Multinacionais, pequenas empresas, entidades e poder público. Parece que todo mundo só pensa nas oportunidades que o próximo Mundial pode trazer para o Brasil. Planejada ou não para o campeonato, qualquer benfeitoria urbana é taxada como obra pró-Copa. E quem tem espírito empreendedor também não tira o olho do calendário de 2014. Mas até que ponto os profissionais gaúchos entendem de futebol? Será que conseguem enxergá-lo como o negócio que é? Ambas as respostas podem ser descobertas no curso Kick Off: Futebol + Jornalismo + Business, realizado em Porto Alegre, que pretende mostrar como o futebol pode virar profissão.

Apesar de citar a atividade jornalística no próprio nome, o curso se dirige para variadas áreas. Segundo um dos criadores e diretor da escola, Tiago Mattos, os alunos são pessoas que dizem: “gosto de futebol, quero trabalhar com futebol, mas não sei como.” Em 13 semanas, eles têm encontros com comunicadores, treinadores, diretores de clubes, auxiliares técnicos, profissionais de marketing esportivo e comentaristas do Brasil e do exterior, incluindo um professor do MBA em Indústria do Futebol, da Universidade de Liverpool, na Inglaterra.

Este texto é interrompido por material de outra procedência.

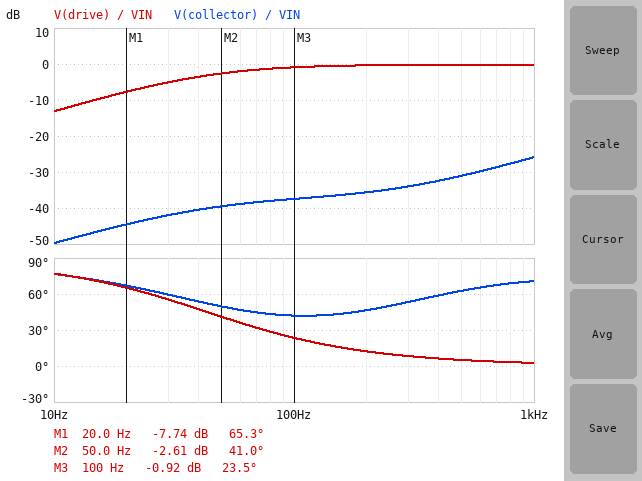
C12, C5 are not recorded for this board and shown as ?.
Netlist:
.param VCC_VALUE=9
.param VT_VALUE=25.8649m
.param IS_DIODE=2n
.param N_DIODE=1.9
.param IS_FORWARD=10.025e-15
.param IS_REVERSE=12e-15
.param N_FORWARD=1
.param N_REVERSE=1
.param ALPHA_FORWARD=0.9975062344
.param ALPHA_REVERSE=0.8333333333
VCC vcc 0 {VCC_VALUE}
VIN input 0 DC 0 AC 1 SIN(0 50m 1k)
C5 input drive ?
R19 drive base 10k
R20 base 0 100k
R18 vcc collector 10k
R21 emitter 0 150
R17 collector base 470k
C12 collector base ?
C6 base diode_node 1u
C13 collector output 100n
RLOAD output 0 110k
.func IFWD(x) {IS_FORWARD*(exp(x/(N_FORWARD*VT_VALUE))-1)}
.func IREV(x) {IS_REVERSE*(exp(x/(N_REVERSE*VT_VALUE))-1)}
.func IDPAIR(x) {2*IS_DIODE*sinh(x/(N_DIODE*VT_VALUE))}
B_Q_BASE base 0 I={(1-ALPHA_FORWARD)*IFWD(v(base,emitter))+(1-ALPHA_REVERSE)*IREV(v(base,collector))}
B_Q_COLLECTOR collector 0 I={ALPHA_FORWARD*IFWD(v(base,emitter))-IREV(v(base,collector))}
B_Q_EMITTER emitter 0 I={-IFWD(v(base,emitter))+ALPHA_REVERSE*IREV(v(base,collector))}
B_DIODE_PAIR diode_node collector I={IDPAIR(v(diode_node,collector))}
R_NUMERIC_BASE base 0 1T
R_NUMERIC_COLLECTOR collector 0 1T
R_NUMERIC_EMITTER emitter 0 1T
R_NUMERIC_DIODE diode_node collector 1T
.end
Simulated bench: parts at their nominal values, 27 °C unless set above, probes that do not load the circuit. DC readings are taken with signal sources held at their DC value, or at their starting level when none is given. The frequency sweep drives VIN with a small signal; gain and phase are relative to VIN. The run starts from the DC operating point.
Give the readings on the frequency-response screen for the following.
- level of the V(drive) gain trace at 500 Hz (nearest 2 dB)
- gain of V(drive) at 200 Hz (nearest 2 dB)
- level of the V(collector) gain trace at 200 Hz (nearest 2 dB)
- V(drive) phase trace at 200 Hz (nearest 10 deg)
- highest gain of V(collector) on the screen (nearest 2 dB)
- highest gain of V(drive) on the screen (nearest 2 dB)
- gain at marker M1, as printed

0 dB
0 dB
-36 dB
10 deg
-26 dB
0 dB
-7.74 dB
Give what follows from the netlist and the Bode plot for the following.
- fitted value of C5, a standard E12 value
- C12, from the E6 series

39 nF
1 nF
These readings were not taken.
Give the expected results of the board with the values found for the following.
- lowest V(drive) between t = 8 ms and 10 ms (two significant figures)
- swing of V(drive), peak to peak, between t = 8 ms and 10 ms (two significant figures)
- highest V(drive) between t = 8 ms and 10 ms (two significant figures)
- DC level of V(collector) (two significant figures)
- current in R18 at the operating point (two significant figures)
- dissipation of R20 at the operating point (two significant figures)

1.5 V
98 mV
1.6 V
8.8 V
16 µA
24 µW
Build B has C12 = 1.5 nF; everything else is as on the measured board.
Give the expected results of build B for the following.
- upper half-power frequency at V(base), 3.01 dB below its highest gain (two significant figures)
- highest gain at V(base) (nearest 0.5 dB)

9.5 kHz
-1.5 dB
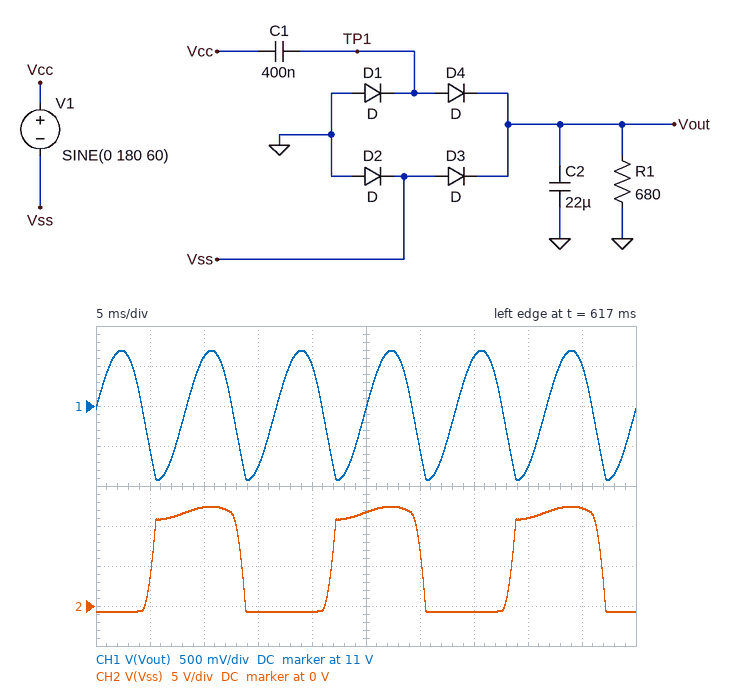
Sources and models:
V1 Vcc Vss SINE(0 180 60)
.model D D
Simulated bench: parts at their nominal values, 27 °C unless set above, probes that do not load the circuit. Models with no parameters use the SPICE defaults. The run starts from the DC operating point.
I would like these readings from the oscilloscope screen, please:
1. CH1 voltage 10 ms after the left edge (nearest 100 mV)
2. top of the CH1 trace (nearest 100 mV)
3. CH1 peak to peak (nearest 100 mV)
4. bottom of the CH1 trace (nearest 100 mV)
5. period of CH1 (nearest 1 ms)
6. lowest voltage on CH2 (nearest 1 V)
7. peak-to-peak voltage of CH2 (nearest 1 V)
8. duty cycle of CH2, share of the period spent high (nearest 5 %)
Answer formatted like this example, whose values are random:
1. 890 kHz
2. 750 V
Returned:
1. 11.6 V
2. 11.7 V
3. 1.6 V
4. 10.1 V
5. 8 ms
6. -1 V
7. 13 V
8. 50 %
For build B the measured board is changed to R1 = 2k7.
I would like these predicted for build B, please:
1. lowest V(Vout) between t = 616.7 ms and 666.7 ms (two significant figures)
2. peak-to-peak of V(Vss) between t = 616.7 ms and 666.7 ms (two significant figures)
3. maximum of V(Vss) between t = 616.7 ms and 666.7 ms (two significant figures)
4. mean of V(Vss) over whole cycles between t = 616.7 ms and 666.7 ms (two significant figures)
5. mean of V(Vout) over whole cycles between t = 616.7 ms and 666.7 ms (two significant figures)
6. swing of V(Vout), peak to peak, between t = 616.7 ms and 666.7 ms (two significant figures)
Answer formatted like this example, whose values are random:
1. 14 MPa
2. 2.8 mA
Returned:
1. 36 V
2. 39 V
3. 38 V
4. 18 V
5. 37 V
6. 2.0 V
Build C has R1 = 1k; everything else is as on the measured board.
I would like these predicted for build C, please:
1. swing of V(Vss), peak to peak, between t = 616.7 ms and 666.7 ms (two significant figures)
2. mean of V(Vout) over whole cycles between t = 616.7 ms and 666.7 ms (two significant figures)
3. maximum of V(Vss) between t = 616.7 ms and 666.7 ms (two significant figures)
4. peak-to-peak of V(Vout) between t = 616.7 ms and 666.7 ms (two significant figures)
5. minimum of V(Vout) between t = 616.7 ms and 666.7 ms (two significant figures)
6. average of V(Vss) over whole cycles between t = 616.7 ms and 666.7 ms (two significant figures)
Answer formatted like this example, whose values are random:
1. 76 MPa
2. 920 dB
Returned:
1. 18 V
2. 16 V
3. 17 V
4. 1.7 V
5. 15 V
6. 7.8 V
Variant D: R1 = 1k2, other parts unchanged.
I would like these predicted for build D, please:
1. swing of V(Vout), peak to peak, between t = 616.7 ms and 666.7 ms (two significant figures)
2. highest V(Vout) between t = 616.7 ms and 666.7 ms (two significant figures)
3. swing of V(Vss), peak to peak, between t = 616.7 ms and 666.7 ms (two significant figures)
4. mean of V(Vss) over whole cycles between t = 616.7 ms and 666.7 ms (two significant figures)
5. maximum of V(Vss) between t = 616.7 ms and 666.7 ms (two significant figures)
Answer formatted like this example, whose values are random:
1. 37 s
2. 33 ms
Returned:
1. 1.8 V
2. 19 V
3. 21 V
4. 9.2 V
5. 20 V
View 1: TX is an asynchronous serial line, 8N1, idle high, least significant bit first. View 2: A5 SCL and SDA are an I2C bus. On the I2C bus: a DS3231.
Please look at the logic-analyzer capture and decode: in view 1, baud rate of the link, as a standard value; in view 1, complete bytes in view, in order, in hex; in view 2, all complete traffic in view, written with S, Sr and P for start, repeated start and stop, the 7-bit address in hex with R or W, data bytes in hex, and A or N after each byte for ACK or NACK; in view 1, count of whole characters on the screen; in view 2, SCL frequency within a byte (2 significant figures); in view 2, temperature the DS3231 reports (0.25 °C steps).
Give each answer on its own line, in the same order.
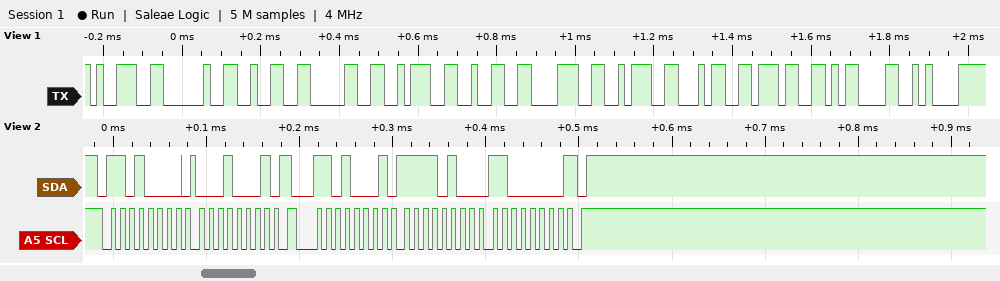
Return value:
57600 baud
39 20 32 30 3A 32 38 3A 34 37 0D 0A
S 68W A 11 A Sr 68R A F4 A C0 N P
12
100 kHz
-11.25 °C
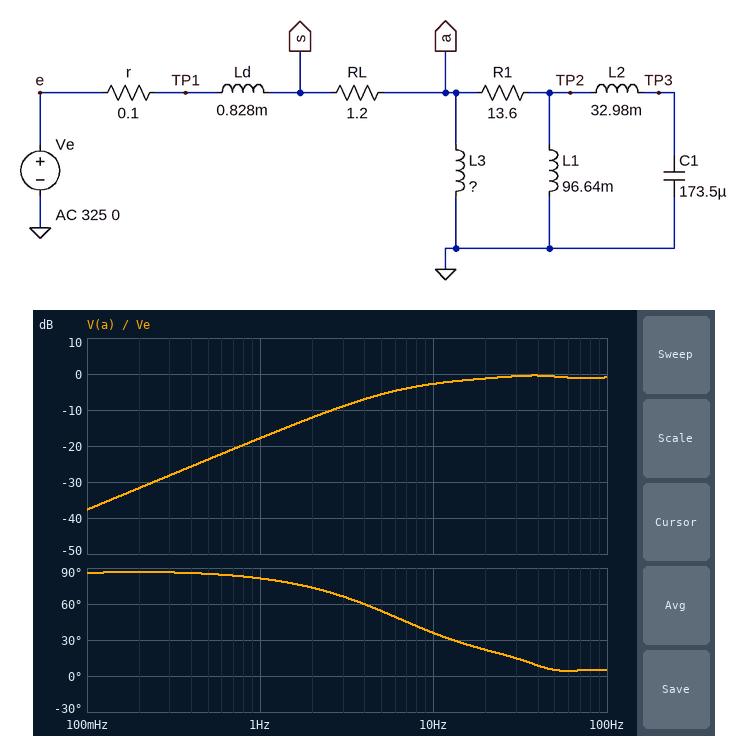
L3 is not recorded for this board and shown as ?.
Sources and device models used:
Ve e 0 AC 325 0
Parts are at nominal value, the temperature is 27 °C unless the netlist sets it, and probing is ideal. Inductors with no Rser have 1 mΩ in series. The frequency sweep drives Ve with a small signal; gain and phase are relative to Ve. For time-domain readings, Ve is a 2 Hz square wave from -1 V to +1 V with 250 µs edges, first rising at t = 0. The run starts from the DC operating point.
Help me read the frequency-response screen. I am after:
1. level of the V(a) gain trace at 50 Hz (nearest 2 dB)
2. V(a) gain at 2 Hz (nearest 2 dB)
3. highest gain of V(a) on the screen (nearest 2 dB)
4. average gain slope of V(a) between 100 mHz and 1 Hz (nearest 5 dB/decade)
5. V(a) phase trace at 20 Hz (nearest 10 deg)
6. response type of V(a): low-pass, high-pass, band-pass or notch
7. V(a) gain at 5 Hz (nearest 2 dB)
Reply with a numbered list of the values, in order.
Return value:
1. 0 dB
2. -12 dB
3. 0 dB
4. 20 dB/decade
5. 20 deg
6. high-pass
7. -6 dB
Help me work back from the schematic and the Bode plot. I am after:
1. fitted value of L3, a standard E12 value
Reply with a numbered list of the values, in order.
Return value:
1. 27 mH
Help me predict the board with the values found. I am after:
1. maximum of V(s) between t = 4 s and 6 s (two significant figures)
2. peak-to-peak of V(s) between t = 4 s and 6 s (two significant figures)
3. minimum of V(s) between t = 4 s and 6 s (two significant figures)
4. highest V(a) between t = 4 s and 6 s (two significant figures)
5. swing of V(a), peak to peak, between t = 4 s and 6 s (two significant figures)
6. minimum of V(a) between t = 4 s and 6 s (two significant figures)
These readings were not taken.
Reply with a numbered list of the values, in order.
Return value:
1. 1.0 V
2. 2.0 V
3. -1.0 V
4. 1.9 V
5. 3.7 V
6. -1.9 V
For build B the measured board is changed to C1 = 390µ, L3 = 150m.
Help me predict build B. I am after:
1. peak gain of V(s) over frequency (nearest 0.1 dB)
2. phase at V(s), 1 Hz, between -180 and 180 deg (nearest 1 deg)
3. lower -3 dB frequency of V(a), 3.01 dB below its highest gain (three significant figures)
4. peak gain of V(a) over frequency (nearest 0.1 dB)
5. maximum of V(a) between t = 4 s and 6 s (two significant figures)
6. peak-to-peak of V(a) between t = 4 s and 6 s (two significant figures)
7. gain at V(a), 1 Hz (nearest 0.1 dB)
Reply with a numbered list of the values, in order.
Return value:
1. 0 dB
2. 2 deg
3. 1.54 Hz
4. -0.1 dB
5. 1.7 V
6. 3.4 V
7. -5.0 dB
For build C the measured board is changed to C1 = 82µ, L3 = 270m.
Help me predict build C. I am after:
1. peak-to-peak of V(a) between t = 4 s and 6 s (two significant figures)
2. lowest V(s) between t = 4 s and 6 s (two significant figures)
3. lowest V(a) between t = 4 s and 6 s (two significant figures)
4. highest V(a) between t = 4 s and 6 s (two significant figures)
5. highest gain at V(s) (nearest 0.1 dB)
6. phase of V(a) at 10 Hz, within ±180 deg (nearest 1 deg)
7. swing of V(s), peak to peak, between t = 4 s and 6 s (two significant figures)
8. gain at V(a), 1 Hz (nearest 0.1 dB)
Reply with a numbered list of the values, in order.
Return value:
1. 2.9 V
2. -1.0 V
3. -1.5 V
4. 1.5 V
5. 0.1 dB
6. 6 deg
7. 2.1 V
8. -2.6 dB
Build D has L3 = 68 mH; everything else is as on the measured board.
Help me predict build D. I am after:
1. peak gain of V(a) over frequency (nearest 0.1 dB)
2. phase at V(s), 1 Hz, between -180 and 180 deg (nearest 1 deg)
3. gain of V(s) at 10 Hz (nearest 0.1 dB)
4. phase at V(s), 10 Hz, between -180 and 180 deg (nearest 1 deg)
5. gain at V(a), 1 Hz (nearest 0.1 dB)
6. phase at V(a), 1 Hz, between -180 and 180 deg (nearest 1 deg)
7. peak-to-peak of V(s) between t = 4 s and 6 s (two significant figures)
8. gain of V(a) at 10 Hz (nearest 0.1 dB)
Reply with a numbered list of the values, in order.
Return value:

A segunda turma que se formou recebeu, por exemplo, o técnico Dunga, que explicou como desenhava a seleção brasileira, Sergio Xavier, editor-chefe da revista Placar, e Caio Campos, gerente de marketing do Corinthians, um dos responsáveis pela contratação de Ronaldo. O ex-jogador Falcão também é figura certa na sala. E a próxima turma, no primeiro semestre de 2011, deverá ter aula com o jornalista Juca Kfouri.

“É fácil perceber que o mercado do futebol é gigantesco. A questão é saber se o país está preparado para este mercado. Ou se cria uma estrutura profissional para capitalizar este dinheiro e a Copa ser realmente um agente transformador, ou esse dinheiro vai escoar”, diz Mattos, que ainda vê muita ingenuidade em relação ao business futebolístico: “as pessoas acham que a Fifa vem com um caminhão de dinheiro e joga notas para o céu”.

Analisando, por exemplo, o que aconteceu com cidades que sediaram os últimos mundiais, quem vem para assistir aos jogos no Brasil e o que Porto Alegre representará para o campeonato de 2014, o curso aborda temas como patrocínios, análises táticas de jogo, departamentos de futebol, o futuro do futebol e o impacto do campeonato de 2014. O programa também inclui visitas a estádios, análise de um jogo ao vivo e bolões entre os participantes. E pode mostrar, segundo Tiago, o quão pouco lucrativa é a rixa entre os dois maiores times do Rio Grande do Sul: “Inter e Grêmio têm um visão provinciana em relação à Copa do Mundo. Qual estádio vai sediar? Vai ter cobertura ou não vai ter? Inter é X e Grêmio é X. Juntos, eles seriam 3 X. Eles deveriam pensar em ações conjuntas, não em disputa.”